→ **Your assignment**
The answer must be a single number: the count of lines in these records that hold "initPlayground".

*** Begin section ***

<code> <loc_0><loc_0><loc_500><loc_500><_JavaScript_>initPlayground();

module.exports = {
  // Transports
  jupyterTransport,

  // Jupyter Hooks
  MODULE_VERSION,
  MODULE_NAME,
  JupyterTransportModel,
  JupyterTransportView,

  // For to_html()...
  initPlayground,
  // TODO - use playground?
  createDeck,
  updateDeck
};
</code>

*** End section ***

→ **Solution to this problem**
2